** Opening SOURCE MATERIAL block **

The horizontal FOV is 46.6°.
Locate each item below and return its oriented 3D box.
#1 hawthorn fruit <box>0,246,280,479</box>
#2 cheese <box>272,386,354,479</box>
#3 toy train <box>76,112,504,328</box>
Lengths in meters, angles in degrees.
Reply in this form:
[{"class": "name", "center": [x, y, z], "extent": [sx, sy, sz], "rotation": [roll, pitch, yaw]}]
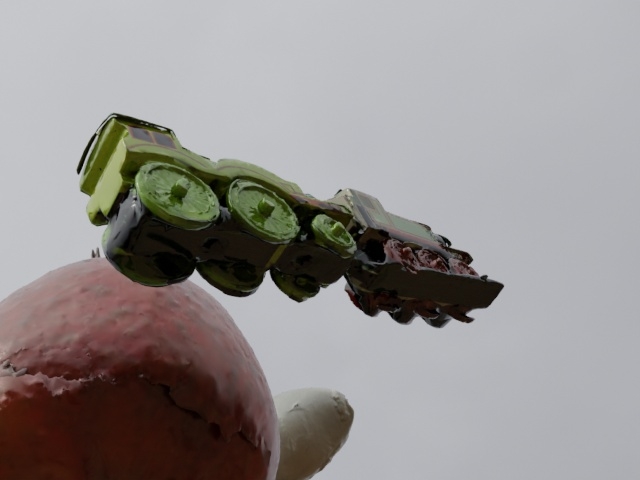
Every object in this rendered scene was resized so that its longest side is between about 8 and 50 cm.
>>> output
[{"class": "hawthorn fruit", "center": [-0.176, 0.124, 0.617], "extent": [0.276, 0.307, 0.276], "rotation": [-6, -46, -6]}, {"class": "cheese", "center": [-0.055, 0.353, 1.337], "extent": [0.198, 0.189, 0.154], "rotation": [-33, -80, 40]}, {"class": "toy train", "center": [0.000, 0.000, 0.397], "extent": [0.250, 0.085, 0.053], "rotation": [14, -55, -40]}]
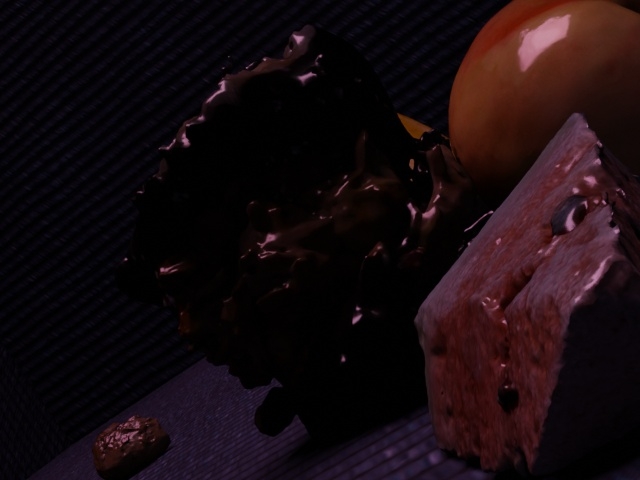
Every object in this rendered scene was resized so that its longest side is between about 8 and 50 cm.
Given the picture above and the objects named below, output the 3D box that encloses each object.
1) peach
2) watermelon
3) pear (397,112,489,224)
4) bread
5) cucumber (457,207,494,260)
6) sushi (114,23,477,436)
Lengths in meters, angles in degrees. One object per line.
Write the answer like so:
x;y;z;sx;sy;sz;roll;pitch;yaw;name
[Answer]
0.171;-0.087;0.878;0.184;0.184;0.184;-35;1;1;peach
0.095;0.030;0.518;0.154;0.094;0.241;-42;3;3;watermelon
0.039;-0.031;1.162;0.267;0.178;0.267;-30;-18;-11;pear
-0.231;0.244;1.535;0.082;0.060;0.113;-32;1;-34;bread
0.135;0.003;1.047;0.187;0.058;0.058;-35;1;-7;cucumber
0.004;0.004;0.842;0.225;0.219;0.238;-46;-20;-11;sushi
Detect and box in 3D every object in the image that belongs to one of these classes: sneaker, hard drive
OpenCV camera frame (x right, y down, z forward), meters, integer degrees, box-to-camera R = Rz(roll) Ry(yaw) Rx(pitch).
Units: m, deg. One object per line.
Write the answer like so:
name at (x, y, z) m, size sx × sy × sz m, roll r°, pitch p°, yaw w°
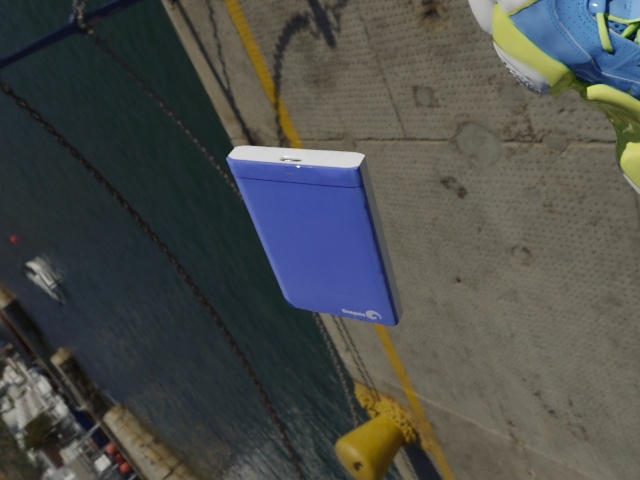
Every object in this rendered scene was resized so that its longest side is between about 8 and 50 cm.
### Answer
sneaker at (0.181, -0.101, 0.313) m, size 0.240 × 0.091 × 0.126 m, roll 33°, pitch 159°, yaw -27°
hard drive at (0.000, 0.000, 0.973) m, size 0.210 × 0.040 × 0.319 m, roll 8°, pitch 137°, yaw 27°
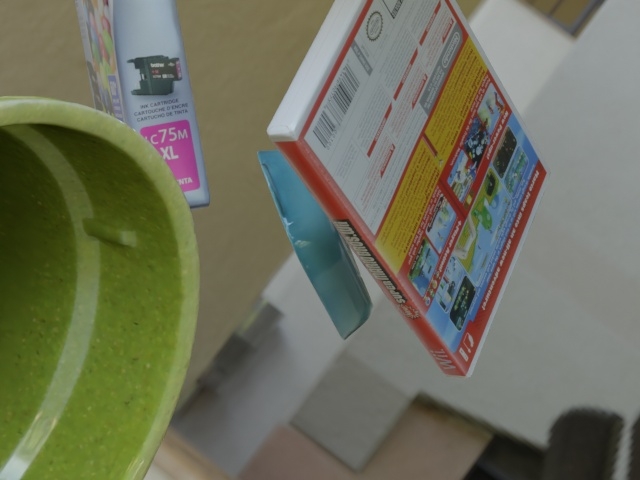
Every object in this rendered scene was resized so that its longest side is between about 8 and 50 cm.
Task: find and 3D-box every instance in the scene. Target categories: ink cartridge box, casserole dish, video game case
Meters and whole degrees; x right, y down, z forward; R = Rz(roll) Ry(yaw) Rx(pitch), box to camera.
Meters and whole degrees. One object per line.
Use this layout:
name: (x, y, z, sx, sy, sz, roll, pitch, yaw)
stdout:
ink cartridge box: (-0.157, -0.183, 1.169, 0.186, 0.065, 0.311, -157, -121, -72)
casserole dish: (0.000, 0.000, 1.131, 0.188, 0.037, 0.114, 62, 5, -55)
video game case: (0.076, -0.061, 1.050, 0.025, 0.204, 0.285, 2, -36, 37)

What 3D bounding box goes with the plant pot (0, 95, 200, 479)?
plant pot: (-0.240, 0.027, 0.651, 0.254, 0.276, 0.276, 25, -13, 30)
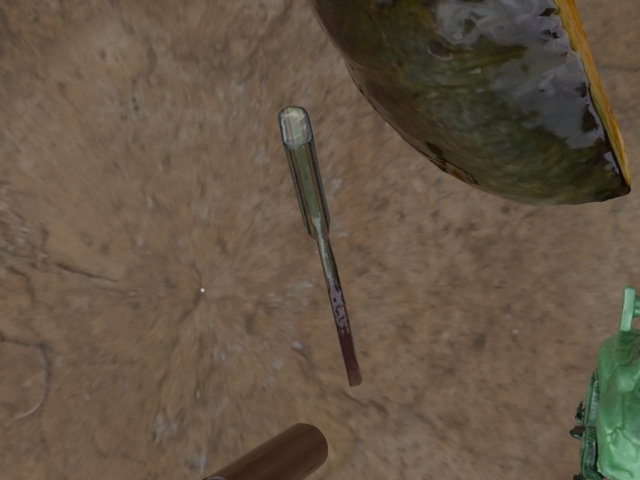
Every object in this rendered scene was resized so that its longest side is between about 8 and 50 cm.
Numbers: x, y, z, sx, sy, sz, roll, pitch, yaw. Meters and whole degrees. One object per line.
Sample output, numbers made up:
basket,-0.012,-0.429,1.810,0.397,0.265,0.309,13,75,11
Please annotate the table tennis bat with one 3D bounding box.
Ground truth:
table tennis bat,0.000,0.000,1.075,0.022,0.301,0.173,-13,55,0

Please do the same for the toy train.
toy train,0.187,0.084,0.735,0.099,0.149,0.081,8,105,11

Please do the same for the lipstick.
lipstick,-0.076,0.233,1.268,0.057,0.357,0.057,3,97,20

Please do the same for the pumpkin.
pumpkin,0.030,-0.166,0.596,0.148,0.169,0.312,-17,74,26
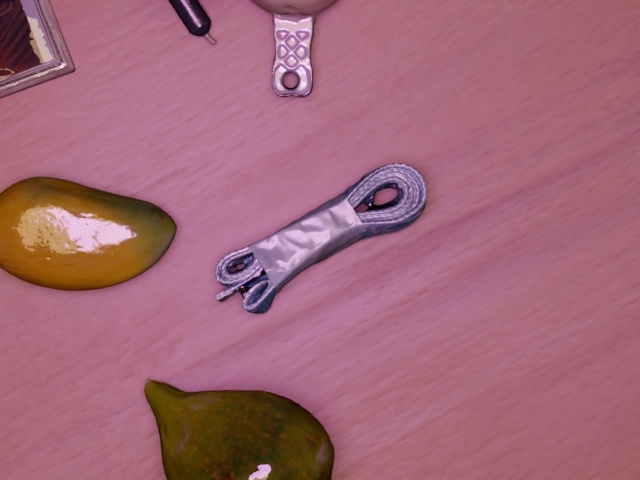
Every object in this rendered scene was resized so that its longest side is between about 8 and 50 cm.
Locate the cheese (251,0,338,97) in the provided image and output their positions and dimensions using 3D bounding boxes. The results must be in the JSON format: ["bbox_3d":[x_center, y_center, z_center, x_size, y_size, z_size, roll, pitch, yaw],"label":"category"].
[{"bbox_3d":[-0.034,-0.325,1.578,0.163,0.082,0.287,5,90,-1],"label":"cheese"}]

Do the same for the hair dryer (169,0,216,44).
[{"bbox_3d":[-0.188,-0.347,1.584,0.124,0.071,0.219,-31,97,-2],"label":"hair dryer"}]

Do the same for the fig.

** Closing SOURCE MATERIAL block **

EXERCISE BRIEF | Could you print the data exactly as it appears and keep the pictures out?

TASK RESPONSE |
The horizontal FOV is 46.6°.
Locate each item below and return its oriented 3D box.
#1 hawthorn fruit <box>0,246,280,479</box>
#2 cheese <box>272,386,354,479</box>
#3 toy train <box>76,112,504,328</box>
Lengths in meters, angles in degrees.
Reply in this form:
[{"class": "name", "center": [x, y, z], "extent": [sx, sy, sz], "rotation": [roll, pitch, yaw]}]
Every object in this rendered scene was resized so that its longest side is between about 8 and 50 cm.
>>> output
[{"class": "hawthorn fruit", "center": [-0.176, 0.124, 0.617], "extent": [0.276, 0.307, 0.276], "rotation": [-6, -46, -6]}, {"class": "cheese", "center": [-0.055, 0.353, 1.337], "extent": [0.198, 0.189, 0.154], "rotation": [-33, -80, 40]}, {"class": "toy train", "center": [0.000, 0.000, 0.397], "extent": [0.250, 0.085, 0.053], "rotation": [14, -55, -40]}]
Every object in this rendered scene was resized so that its longest side is between about 8 and 50 cm.
Given the picture above and the objects named below, output the 3D box that encloses each object.
1) peach
2) watermelon
3) pear (397,112,489,224)
4) bread
5) cucumber (457,207,494,260)
6) sushi (114,23,477,436)
Lengths in meters, angles in degrees. One object per line.
Write the answer like so:
x;y;z;sx;sy;sz;roll;pitch;yaw;name
[Answer]
0.171;-0.087;0.878;0.184;0.184;0.184;-35;1;1;peach
0.095;0.030;0.518;0.154;0.094;0.241;-42;3;3;watermelon
0.039;-0.031;1.162;0.267;0.178;0.267;-30;-18;-11;pear
-0.231;0.244;1.535;0.082;0.060;0.113;-32;1;-34;bread
0.135;0.003;1.047;0.187;0.058;0.058;-35;1;-7;cucumber
0.004;0.004;0.842;0.225;0.219;0.238;-46;-20;-11;sushi
Detect and box in 3D every object in the image that belongs to one of these classes: sneaker, hard drive
OpenCV camera frame (x right, y down, z forward), meters, integer degrees, box-to-camera R = Rz(roll) Ry(yaw) Rx(pitch).
Units: m, deg. One object per line.
Write the answer like so:
name at (x, y, z) m, size sx × sy × sz m, roll r°, pitch p°, yaw w°
Every object in this rendered scene was resized so that its longest side is between about 8 and 50 cm.
### Answer
sneaker at (0.181, -0.101, 0.313) m, size 0.240 × 0.091 × 0.126 m, roll 33°, pitch 159°, yaw -27°
hard drive at (0.000, 0.000, 0.973) m, size 0.210 × 0.040 × 0.319 m, roll 8°, pitch 137°, yaw 27°
Every object in this rendered scene was resized so that its longest side is between about 8 and 50 cm.
Task: find and 3D-box every instance in the scene. Target categories: ink cartridge box, casserole dish, video game case
Meters and whole degrees; x right, y down, z forward; R = Rz(roll) Ry(yaw) Rx(pitch), box to camera.
Meters and whole degrees. One object per line.
Use this layout:
name: (x, y, z, sx, sy, sz, roll, pitch, yaw)
stdout:
ink cartridge box: (-0.157, -0.183, 1.169, 0.186, 0.065, 0.311, -157, -121, -72)
casserole dish: (0.000, 0.000, 1.131, 0.188, 0.037, 0.114, 62, 5, -55)
video game case: (0.076, -0.061, 1.050, 0.025, 0.204, 0.285, 2, -36, 37)

What 3D bounding box goes with the plant pot (0, 95, 200, 479)?
plant pot: (-0.240, 0.027, 0.651, 0.254, 0.276, 0.276, 25, -13, 30)
Every object in this rendered scene was resized so that its longest side is between about 8 and 50 cm.
Numbers: x, y, z, sx, sy, sz, roll, pitch, yaw. Meters and whole degrees. One object per line.
Sample output, numbers made up:
basket,-0.012,-0.429,1.810,0.397,0.265,0.309,13,75,11
Please annotate the table tennis bat with one 3D bounding box.
Ground truth:
table tennis bat,0.000,0.000,1.075,0.022,0.301,0.173,-13,55,0

Please do the same for the toy train.
toy train,0.187,0.084,0.735,0.099,0.149,0.081,8,105,11

Please do the same for the lipstick.
lipstick,-0.076,0.233,1.268,0.057,0.357,0.057,3,97,20

Please do the same for the pumpkin.
pumpkin,0.030,-0.166,0.596,0.148,0.169,0.312,-17,74,26
Every object in this rendered scene was resized so that its longest side is between about 8 and 50 cm.
Locate the cheese (251,0,338,97) in the provided image and output their positions and dimensions using 3D bounding boxes. The results must be in the JSON format: ["bbox_3d":[x_center, y_center, z_center, x_size, y_size, z_size, roll, pitch, yaw],"label":"category"].
[{"bbox_3d":[-0.034,-0.325,1.578,0.163,0.082,0.287,5,90,-1],"label":"cheese"}]

Do the same for the hair dryer (169,0,216,44).
[{"bbox_3d":[-0.188,-0.347,1.584,0.124,0.071,0.219,-31,97,-2],"label":"hair dryer"}]

Do the same for the fig.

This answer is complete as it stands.